### [Task details]
Across the records below, how many lines include the word "mind"? State only the number.

Dataset records:
..........

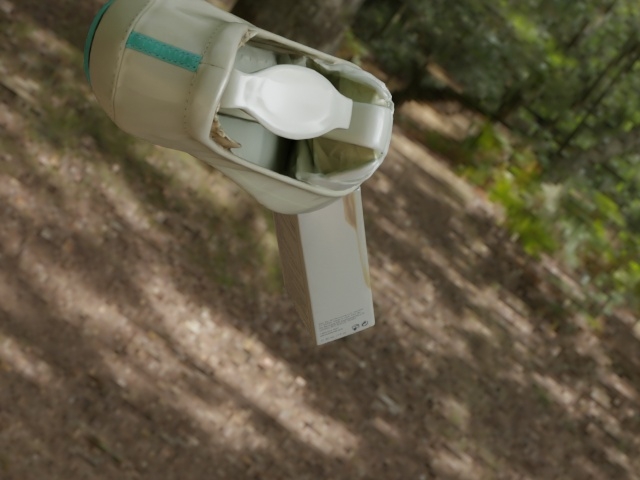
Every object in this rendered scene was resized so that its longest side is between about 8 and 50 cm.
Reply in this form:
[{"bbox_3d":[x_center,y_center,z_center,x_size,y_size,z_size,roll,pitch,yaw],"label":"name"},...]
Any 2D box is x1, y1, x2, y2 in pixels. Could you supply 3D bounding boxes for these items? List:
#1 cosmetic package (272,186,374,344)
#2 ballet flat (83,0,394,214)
[{"bbox_3d":[0.000,0.000,0.819,0.115,0.041,0.060,83,-16,-45],"label":"cosmetic package"},{"bbox_3d":[-0.012,-0.057,0.647,0.086,0.086,0.248,41,14,24],"label":"ballet flat"}]
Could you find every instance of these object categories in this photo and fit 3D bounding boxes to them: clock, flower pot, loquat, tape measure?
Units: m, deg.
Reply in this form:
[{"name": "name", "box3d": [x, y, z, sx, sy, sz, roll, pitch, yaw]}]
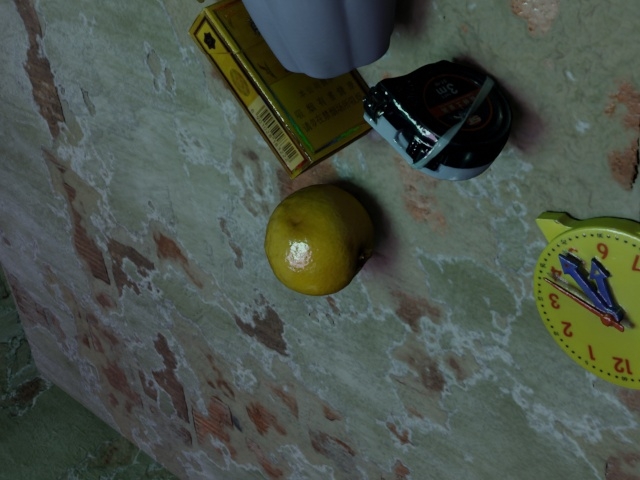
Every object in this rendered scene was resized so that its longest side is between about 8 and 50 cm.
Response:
[{"name": "clock", "box3d": [0.437, 0.098, 1.309, 0.277, 0.071, 0.293, -1, 117, 49]}, {"name": "flower pot", "box3d": [-0.002, -0.387, 1.301, 0.265, 0.265, 0.243, 25, 147, 35]}, {"name": "loquat", "box3d": [0.000, 0.000, 1.621, 0.208, 0.208, 0.208, 29, 137, 31]}, {"name": "tape measure", "box3d": [0.183, -0.174, 1.291, 0.181, 0.182, 0.107, 55, 149, 19]}]

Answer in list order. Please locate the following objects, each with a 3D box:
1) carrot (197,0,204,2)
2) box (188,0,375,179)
[{"name": "carrot", "box3d": [-0.236, -0.544, 1.565, 0.102, 0.102, 0.263, 27, 142, 34]}, {"name": "box", "box3d": [-0.052, -0.274, 1.468, 0.301, 0.193, 0.084, 55, 144, 0]}]
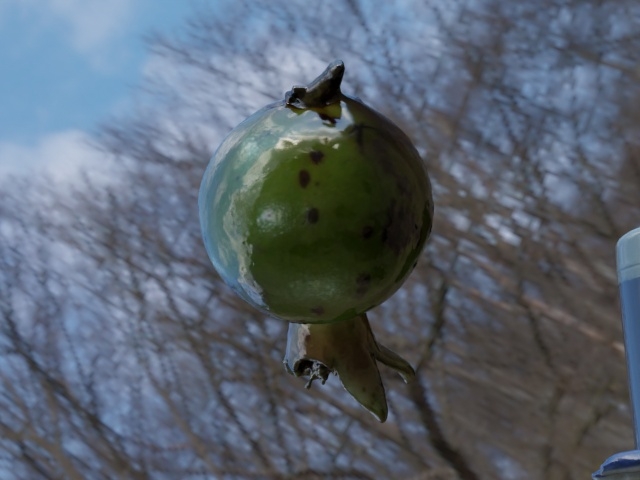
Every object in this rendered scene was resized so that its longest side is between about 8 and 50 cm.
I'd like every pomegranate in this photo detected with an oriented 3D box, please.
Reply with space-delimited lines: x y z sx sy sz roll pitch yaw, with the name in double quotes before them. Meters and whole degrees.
"pomegranate" 0.012 0.005 1.074 0.156 0.156 0.220 -41 -63 -21

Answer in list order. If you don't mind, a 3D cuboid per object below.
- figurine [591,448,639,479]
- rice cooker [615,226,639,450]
"figurine" 0.275 0.126 0.872 0.262 0.164 0.121 -33 -7 8
"rice cooker" 0.390 0.086 1.438 0.288 0.288 0.277 4 -104 -43
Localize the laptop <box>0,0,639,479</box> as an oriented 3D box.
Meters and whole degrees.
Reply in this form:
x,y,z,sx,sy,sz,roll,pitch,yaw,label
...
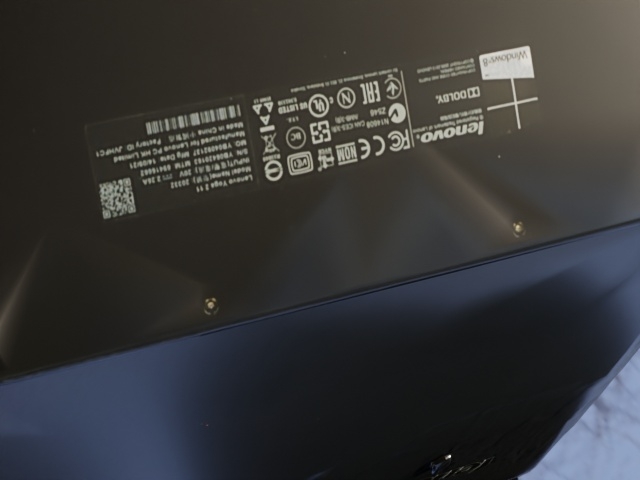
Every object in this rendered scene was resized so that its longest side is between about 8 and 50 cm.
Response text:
x,y,z,sx,sy,sz,roll,pitch,yaw,label
-0.044,-0.041,0.751,0.236,0.382,0.408,4,-75,62,laptop
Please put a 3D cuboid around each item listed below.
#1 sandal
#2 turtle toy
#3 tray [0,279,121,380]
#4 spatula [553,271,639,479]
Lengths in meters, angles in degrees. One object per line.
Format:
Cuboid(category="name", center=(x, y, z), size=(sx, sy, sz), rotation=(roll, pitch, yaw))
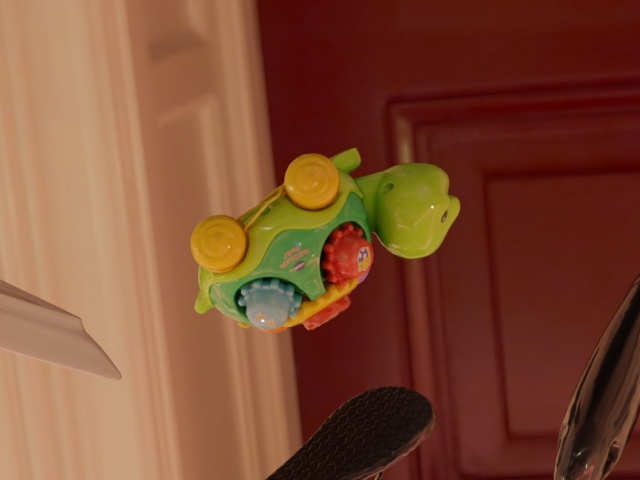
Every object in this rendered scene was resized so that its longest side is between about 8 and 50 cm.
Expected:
Cuboid(category="sandal", center=(0.010, 0.169, 1.117), size=(0.179, 0.040, 0.067), rotation=(-38, -140, 10))
Cuboid(category="turtle toy", center=(0.000, 0.000, 0.707), size=(0.130, 0.066, 0.095), rotation=(-33, 176, -1))
Cuboid(category="tray", center=(-0.251, 0.021, 0.970), size=(0.270, 0.030, 0.145), rotation=(20, 177, 41))
Cuboid(category="spatula", center=(0.137, 0.012, 0.567), size=(0.030, 0.084, 0.296), rotation=(21, -147, 21))
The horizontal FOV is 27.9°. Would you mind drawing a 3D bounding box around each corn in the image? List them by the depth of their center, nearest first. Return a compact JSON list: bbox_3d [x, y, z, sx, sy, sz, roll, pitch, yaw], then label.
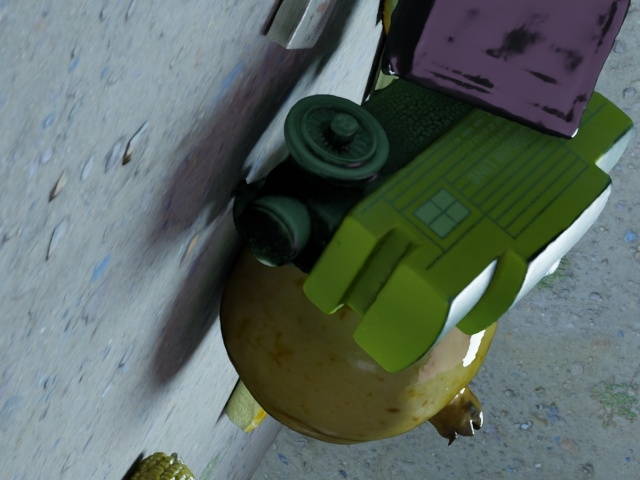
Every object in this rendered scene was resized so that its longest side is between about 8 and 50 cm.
[{"bbox_3d":[-0.217,0.334,1.481,0.238,0.080,0.080,-59,174,-44],"label":"corn"}]

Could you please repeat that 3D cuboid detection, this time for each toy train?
[{"bbox_3d":[0.121,-0.059,1.249,0.442,0.272,0.179,-39,166,-40],"label":"toy train"}]

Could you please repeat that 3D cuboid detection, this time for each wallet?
[{"bbox_3d":[0.197,-0.269,1.145,0.041,0.247,0.322,26,-81,55],"label":"wallet"}]

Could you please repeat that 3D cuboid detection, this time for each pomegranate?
[{"bbox_3d":[0.057,0.090,1.453,0.342,0.343,0.342,-61,175,-10],"label":"pomegranate"}]

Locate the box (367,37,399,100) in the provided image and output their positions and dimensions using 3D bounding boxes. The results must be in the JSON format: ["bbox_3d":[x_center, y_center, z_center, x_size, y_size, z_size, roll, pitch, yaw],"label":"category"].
[{"bbox_3d":[0.134,-0.298,1.736,0.210,0.045,0.270,-60,174,-21],"label":"box"}]

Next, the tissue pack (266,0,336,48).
[{"bbox_3d":[-0.013,-0.184,1.048,0.056,0.023,0.108,-62,175,11],"label":"tissue pack"}]

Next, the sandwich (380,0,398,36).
[{"bbox_3d":[0.181,-0.325,1.474,0.198,0.155,0.227,-62,174,-13],"label":"sandwich"}]

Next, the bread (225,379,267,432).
[{"bbox_3d":[-0.086,0.220,2.168,0.188,0.068,0.125,-63,175,12],"label":"bread"}]

..........

### [Output for this exercise]
2